Records drawn from a dataset:

───

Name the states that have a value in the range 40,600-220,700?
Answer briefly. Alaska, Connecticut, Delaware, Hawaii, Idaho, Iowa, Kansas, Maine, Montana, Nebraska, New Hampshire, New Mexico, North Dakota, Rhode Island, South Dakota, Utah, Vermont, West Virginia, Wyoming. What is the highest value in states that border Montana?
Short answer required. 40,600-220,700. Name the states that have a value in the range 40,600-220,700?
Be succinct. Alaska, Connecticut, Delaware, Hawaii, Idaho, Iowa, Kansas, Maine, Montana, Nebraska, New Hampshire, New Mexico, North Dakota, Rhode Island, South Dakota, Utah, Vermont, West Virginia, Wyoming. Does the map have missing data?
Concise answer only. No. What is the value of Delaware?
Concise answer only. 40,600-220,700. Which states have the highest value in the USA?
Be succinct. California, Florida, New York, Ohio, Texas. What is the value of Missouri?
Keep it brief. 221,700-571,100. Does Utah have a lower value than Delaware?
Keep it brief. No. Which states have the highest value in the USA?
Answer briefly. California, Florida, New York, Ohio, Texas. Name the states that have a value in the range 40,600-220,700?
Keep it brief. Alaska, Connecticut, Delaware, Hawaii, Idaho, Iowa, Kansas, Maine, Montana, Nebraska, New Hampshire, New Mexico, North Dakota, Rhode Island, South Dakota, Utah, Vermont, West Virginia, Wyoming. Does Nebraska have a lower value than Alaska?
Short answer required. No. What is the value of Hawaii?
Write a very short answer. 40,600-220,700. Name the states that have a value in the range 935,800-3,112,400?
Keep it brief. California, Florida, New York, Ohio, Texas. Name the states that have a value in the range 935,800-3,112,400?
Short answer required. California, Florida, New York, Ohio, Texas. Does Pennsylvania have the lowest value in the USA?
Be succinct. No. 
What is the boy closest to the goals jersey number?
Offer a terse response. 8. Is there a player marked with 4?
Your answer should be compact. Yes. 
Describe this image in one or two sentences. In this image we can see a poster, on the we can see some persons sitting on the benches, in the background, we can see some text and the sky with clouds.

───

Brief: Including any blank lines, repeat the data exactly.

Answer for the task:
Name the states that have a value in the range 40,600-220,700?
Answer briefly. Alaska, Connecticut, Delaware, Hawaii, Idaho, Iowa, Kansas, Maine, Montana, Nebraska, New Hampshire, New Mexico, North Dakota, Rhode Island, South Dakota, Utah, Vermont, West Virginia, Wyoming. What is the highest value in states that border Montana?
Short answer required. 40,600-220,700. Name the states that have a value in the range 40,600-220,700?
Be succinct. Alaska, Connecticut, Delaware, Hawaii, Idaho, Iowa, Kansas, Maine, Montana, Nebraska, New Hampshire, New Mexico, North Dakota, Rhode Island, South Dakota, Utah, Vermont, West Virginia, Wyoming. Does the map have missing data?
Concise answer only. No. What is the value of Delaware?
Concise answer only. 40,600-220,700. Which states have the highest value in the USA?
Be succinct. California, Florida, New York, Ohio, Texas. What is the value of Missouri?
Keep it brief. 221,700-571,100. Does Utah have a lower value than Delaware?
Keep it brief. No. Which states have the highest value in the USA?
Answer briefly. California, Florida, New York, Ohio, Texas. Name the states that have a value in the range 40,600-220,700?
Keep it brief. Alaska, Connecticut, Delaware, Hawaii, Idaho, Iowa, Kansas, Maine, Montana, Nebraska, New Hampshire, New Mexico, North Dakota, Rhode Island, South Dakota, Utah, Vermont, West Virginia, Wyoming. Does Nebraska have a lower value than Alaska?
Short answer required. No. What is the value of Hawaii?
Write a very short answer. 40,600-220,700. Name the states that have a value in the range 935,800-3,112,400?
Keep it brief. California, Florida, New York, Ohio, Texas. Name the states that have a value in the range 935,800-3,112,400?
Short answer required. California, Florida, New York, Ohio, Texas. Does Pennsylvania have the lowest value in the USA?
Be succinct. No. 
What is the boy closest to the goals jersey number?
Offer a terse response. 8. Is there a player marked with 4?
Your answer should be compact. Yes. 
Describe this image in one or two sentences. In this image we can see a poster, on the we can see some persons sitting on the benches, in the background, we can see some text and the sky with clouds.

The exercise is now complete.